Mr Tendai Biti, who represented the two, successfully argued that the police were given protection for reasons that bore little grounding in logic.

He argued that in the modern age of computers and e-governance, the argument regarding the need to accord special protection on account of the size and bulkiness of the State no longer holds water.

He pointed that there were other large corporations and institutions among them the Central Intelligence Organisation and corporates like Econet that employ a large work force and yet do not enjoy any special privileges.

Justice Tsanga agreed with Mr Biti saying an examination of changes in prescriptive periods involving actions against the police from other legal systems bear testimony to the fact that over the years dynamic changes which accord with equal protection before the law have infiltrated “this sphere of restrictive protections”.

“The trend has shifted in favour of subjecting State institutions like the police to time periods which generally accord with everyone else,” said Justice Tsanga.

Justice Tsanga ruled that the prescription that arose from the failure to sue police within the stipulated time period, meant that those with genuine claims are denied legal recourse and their rights to access courts are violated.

The Judge said there was no reason why the general three-year prescription period for ordinary debts as contained in the Prescription Act should not govern claims against the police.

She also noted that the provision being of colonial legacy was influenced by the need to keep claims against the police in check, in view of the repressive policies at the time.

Since independence, Justice Tsanga said, many laws were reformed or challenged constitutionally while others remained intact.

The specific provision therefore, embodies “legislative lag”.

Justice Tsanga said with the coming in of the new Constitution in 2013, an unprecedented number of civil and political liberties had been introduced to keep the State accountable.

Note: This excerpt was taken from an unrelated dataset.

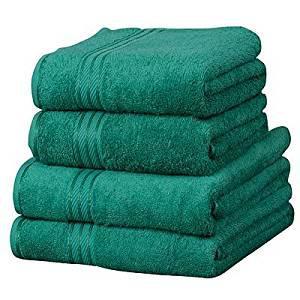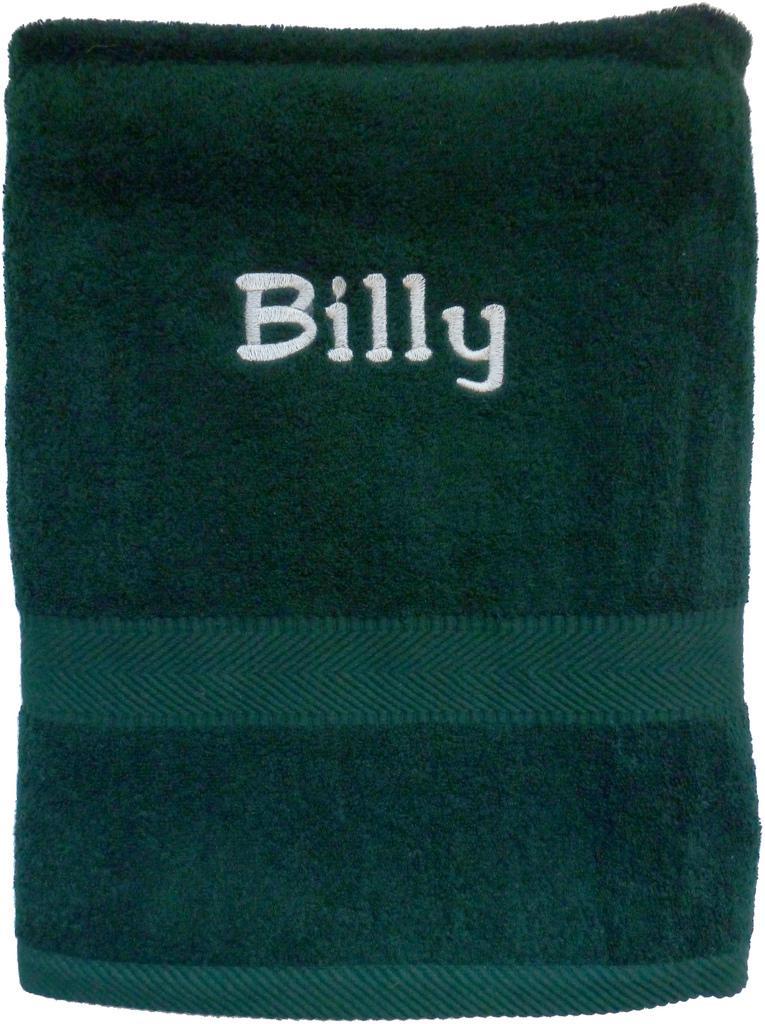The first image is the image on the left, the second image is the image on the right. For the images displayed, is the sentence "In one image there are six green towels." factually correct? Answer yes or no. No. The first image is the image on the left, the second image is the image on the right. Examine the images to the left and right. Is the description "There are exactly six towels in the right image." accurate? Answer yes or no. No.

“The tenets of the new Constitution commit the State to fostering a new era of people-centred constitutionalism,” she said. “Core to constitutionalism is regulating all forms of public power. It is therefore vital that as courts we do not confine our sense of vigilant scrutiny of constitutionally deficient legislation to only those issues often brought by political elites that have tended to dominate the courts such as those centred on participation in and outcome of elections, or media discourses.”

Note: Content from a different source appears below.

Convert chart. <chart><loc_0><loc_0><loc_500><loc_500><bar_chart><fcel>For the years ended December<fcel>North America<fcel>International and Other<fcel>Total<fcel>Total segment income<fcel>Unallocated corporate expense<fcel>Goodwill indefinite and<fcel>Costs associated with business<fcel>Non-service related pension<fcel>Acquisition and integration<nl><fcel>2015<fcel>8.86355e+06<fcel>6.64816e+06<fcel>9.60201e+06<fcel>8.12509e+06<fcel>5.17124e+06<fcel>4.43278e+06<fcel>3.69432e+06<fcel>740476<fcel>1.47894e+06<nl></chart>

Justice Tsanga referred her decision to the Constitutional Court for confirmation in terms of Section 175 of the Constitution.

The Section provides that where a court makes an order concerning the constitutional invalidity of any law, such order has no force and effect unless it is confirmed by the highest court in the land.

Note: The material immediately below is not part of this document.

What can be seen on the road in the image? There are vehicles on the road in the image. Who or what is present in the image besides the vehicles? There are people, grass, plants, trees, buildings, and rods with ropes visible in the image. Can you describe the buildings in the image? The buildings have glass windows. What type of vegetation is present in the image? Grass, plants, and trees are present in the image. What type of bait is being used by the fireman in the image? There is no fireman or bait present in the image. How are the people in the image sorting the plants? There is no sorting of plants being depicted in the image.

Nyika and Tobaiwa were among passengers travelling from Harare to Karoi when the incident occurred near Banket in July 2013.

The two approached the High Court to invalidate Section 70 of the Act that impeded them from instituting their more than $1 million lawsuit for damages.

They asked the court to scrap the section arguing that it is unconstitutional and discriminatory.

But the police who were represented by Mr Daniel Mambo of the Attorney General’s Office opposed the application arguing the section was constitutional and the two should have brought their action within the prescribed period.

He said police dealt with high volume of litigation hence the need to dispose of the matters timeously.